→ Exercise requirements: Once the pictures are set aside, reproduce all of the records exactly.

(Recorded data)
=-=-=-=-=

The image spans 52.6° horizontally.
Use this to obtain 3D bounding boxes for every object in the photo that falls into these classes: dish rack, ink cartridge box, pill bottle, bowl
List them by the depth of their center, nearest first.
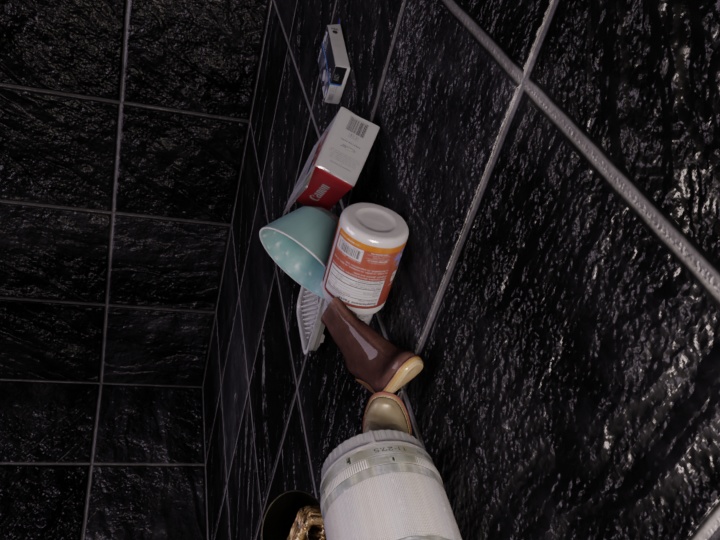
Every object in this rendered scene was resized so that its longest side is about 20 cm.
[{"bbox_3d":[0.000,0.000,1.182,0.112,0.112,0.200,-107,27,-50],"label":"pill bottle"},{"bbox_3d":[-0.082,-0.045,1.377,0.105,0.201,0.201,-50,8,-19],"label":"bowl"},{"bbox_3d":[-0.061,-0.183,1.385,0.176,0.084,0.200,-67,12,-17],"label":"ink cartridge box"},{"bbox_3d":[-0.094,0.064,1.574,0.172,0.043,0.200,-107,28,-49],"label":"dish rack"},{"bbox_3d":[-0.064,-0.477,1.644,0.100,0.039,0.200,113,156,-45],"label":"ink cartridge box"}]

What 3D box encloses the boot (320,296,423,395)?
[{"bbox_3d":[0.005,0.110,1.082,0.166,0.072,0.200,52,159,8],"label":"boot"}]

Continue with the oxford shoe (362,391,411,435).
[{"bbox_3d":[0.033,0.267,1.030,0.075,0.070,0.200,-65,-24,-64],"label":"oxford shoe"}]

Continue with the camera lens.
[{"bbox_3d":[0.037,0.319,0.894,0.200,0.160,0.160,-109,30,-52],"label":"camera lens"}]

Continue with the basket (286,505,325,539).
[{"bbox_3d":[-0.043,0.476,1.131,0.149,0.142,0.201,170,104,-73],"label":"basket"}]

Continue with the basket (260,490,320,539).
[{"bbox_3d":[-0.140,0.567,1.442,0.181,0.136,0.200,-97,17,-44],"label":"basket"}]

=-=-=-=-=

→ Written response:
The image spans 52.6° horizontally.
Use this to obtain 3D bounding boxes for every object in the photo that falls into these classes: dish rack, ink cartridge box, pill bottle, bowl
List them by the depth of their center, nearest first.
Every object in this rendered scene was resized so that its longest side is about 20 cm.
[{"bbox_3d":[0.000,0.000,1.182,0.112,0.112,0.200,-107,27,-50],"label":"pill bottle"},{"bbox_3d":[-0.082,-0.045,1.377,0.105,0.201,0.201,-50,8,-19],"label":"bowl"},{"bbox_3d":[-0.061,-0.183,1.385,0.176,0.084,0.200,-67,12,-17],"label":"ink cartridge box"},{"bbox_3d":[-0.094,0.064,1.574,0.172,0.043,0.200,-107,28,-49],"label":"dish rack"},{"bbox_3d":[-0.064,-0.477,1.644,0.100,0.039,0.200,113,156,-45],"label":"ink cartridge box"}]

What 3D box encloses the boot (320,296,423,395)?
[{"bbox_3d":[0.005,0.110,1.082,0.166,0.072,0.200,52,159,8],"label":"boot"}]

Continue with the oxford shoe (362,391,411,435).
[{"bbox_3d":[0.033,0.267,1.030,0.075,0.070,0.200,-65,-24,-64],"label":"oxford shoe"}]

Continue with the camera lens.
[{"bbox_3d":[0.037,0.319,0.894,0.200,0.160,0.160,-109,30,-52],"label":"camera lens"}]

Continue with the basket (286,505,325,539).
[{"bbox_3d":[-0.043,0.476,1.131,0.149,0.142,0.201,170,104,-73],"label":"basket"}]

Continue with the basket (260,490,320,539).
[{"bbox_3d":[-0.140,0.567,1.442,0.181,0.136,0.200,-97,17,-44],"label":"basket"}]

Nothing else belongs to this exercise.